### Source records

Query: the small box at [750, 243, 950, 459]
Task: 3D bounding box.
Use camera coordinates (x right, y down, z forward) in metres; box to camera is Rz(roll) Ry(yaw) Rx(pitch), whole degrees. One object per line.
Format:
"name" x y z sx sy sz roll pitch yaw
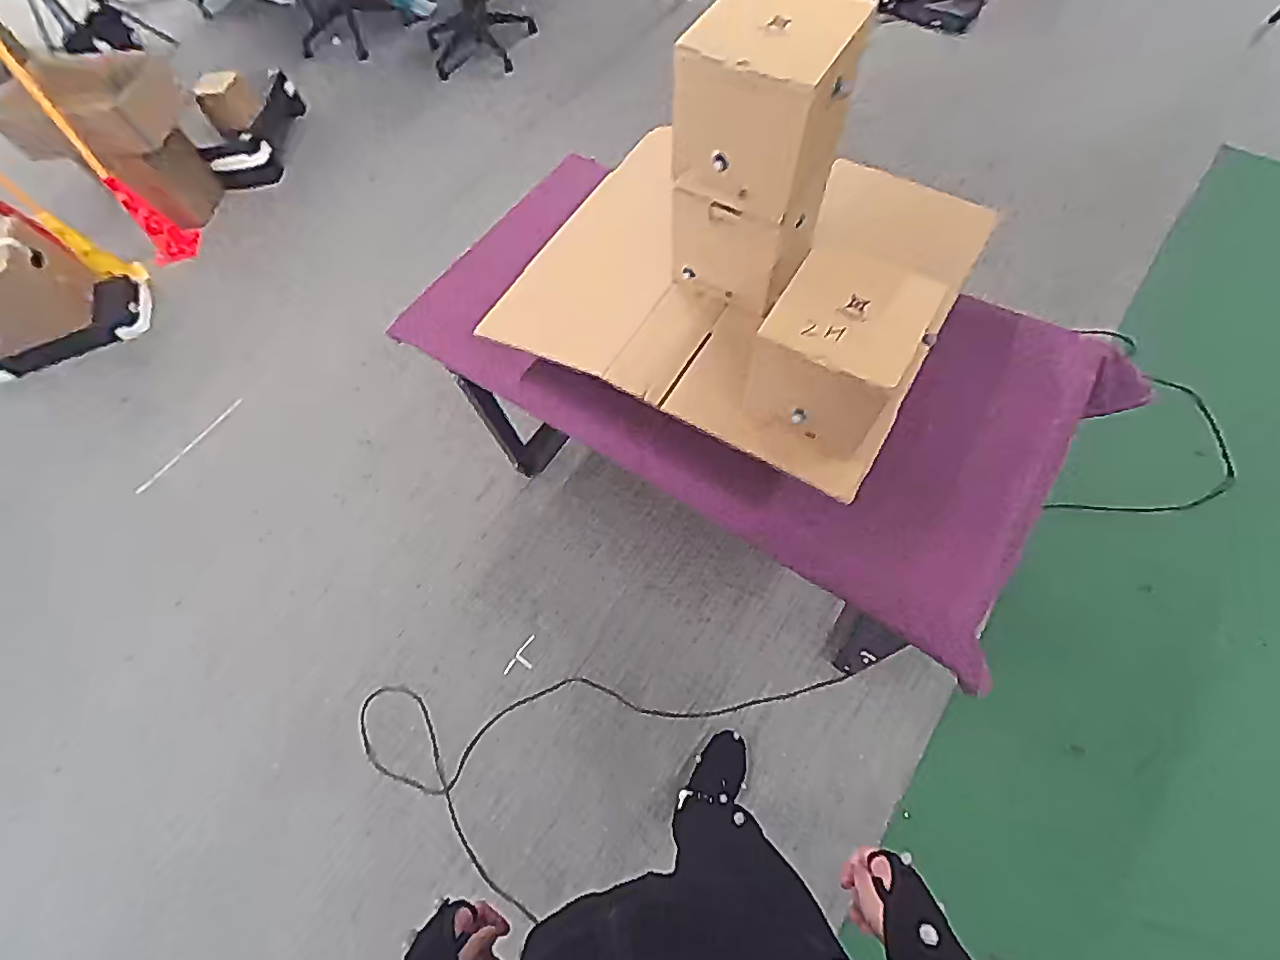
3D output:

######
### Source records

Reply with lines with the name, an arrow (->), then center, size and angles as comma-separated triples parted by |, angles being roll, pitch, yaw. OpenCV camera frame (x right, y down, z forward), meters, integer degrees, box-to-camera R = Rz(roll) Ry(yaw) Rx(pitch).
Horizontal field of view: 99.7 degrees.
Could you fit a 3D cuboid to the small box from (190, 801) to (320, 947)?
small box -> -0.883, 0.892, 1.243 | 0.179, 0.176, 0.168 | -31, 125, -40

######
### Source records

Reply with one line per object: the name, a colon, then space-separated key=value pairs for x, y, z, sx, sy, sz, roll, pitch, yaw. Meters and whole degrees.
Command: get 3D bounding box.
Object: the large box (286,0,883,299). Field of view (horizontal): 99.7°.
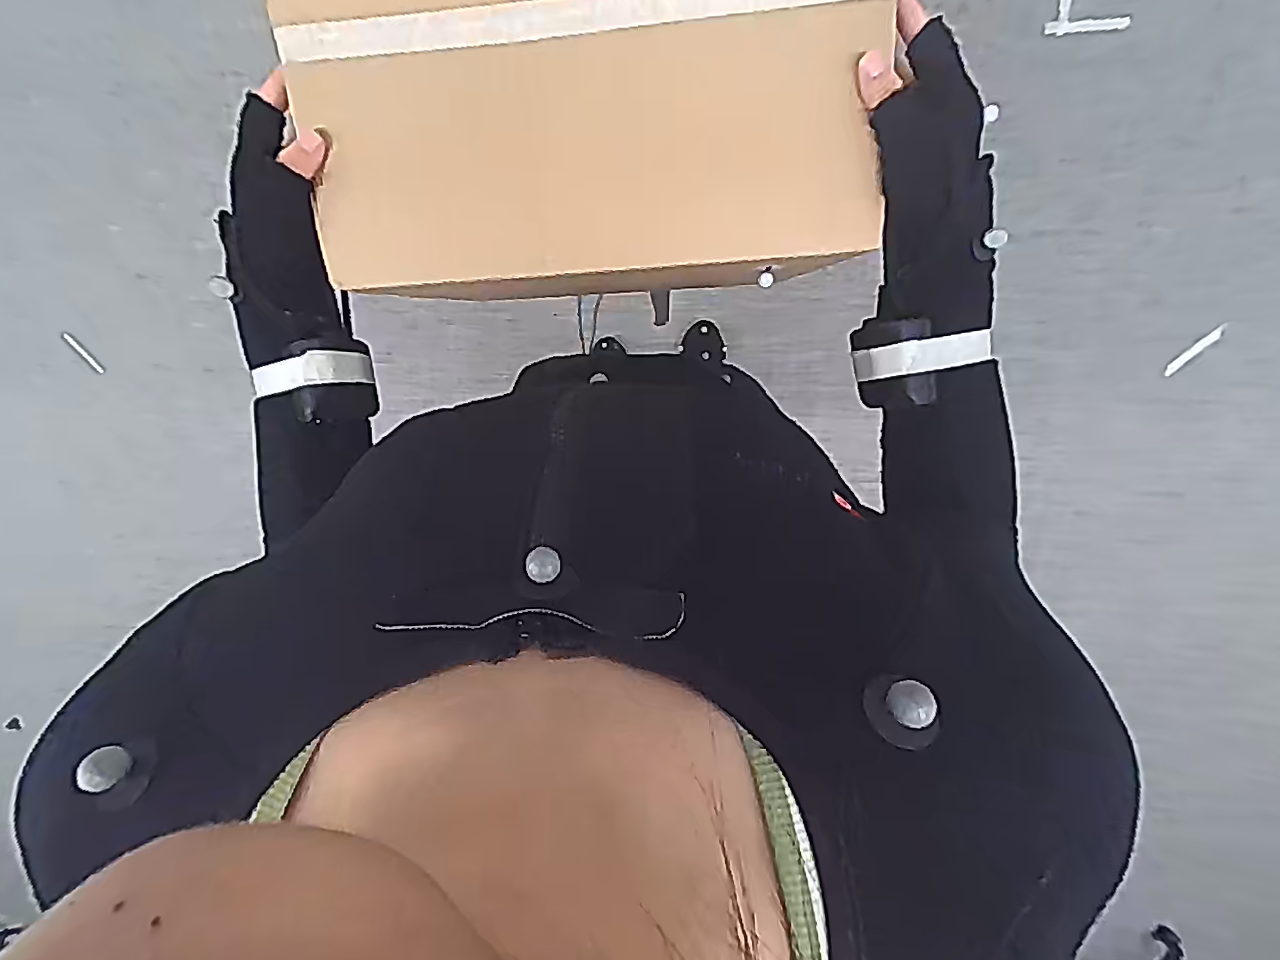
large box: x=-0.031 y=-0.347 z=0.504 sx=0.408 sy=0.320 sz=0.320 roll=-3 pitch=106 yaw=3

######

## What you will do
Return, from the material above, each line holding the string "right".

## Written response
Use camera coordinates (x right, y down, z forward) in metres; box to camera is Rz(roll) Ry(yaw) Rx(pitch), whole degrees. One object per line.
Reply with lines with the name, an arrow (->), then center, size and angles as comma-separated triples parted by |, angles being roll, pitch, yaw. OpenCV camera frame (x right, y down, z forward), meters, integer degrees, box-to-camera R = Rz(roll) Ry(yaw) Rx(pitch).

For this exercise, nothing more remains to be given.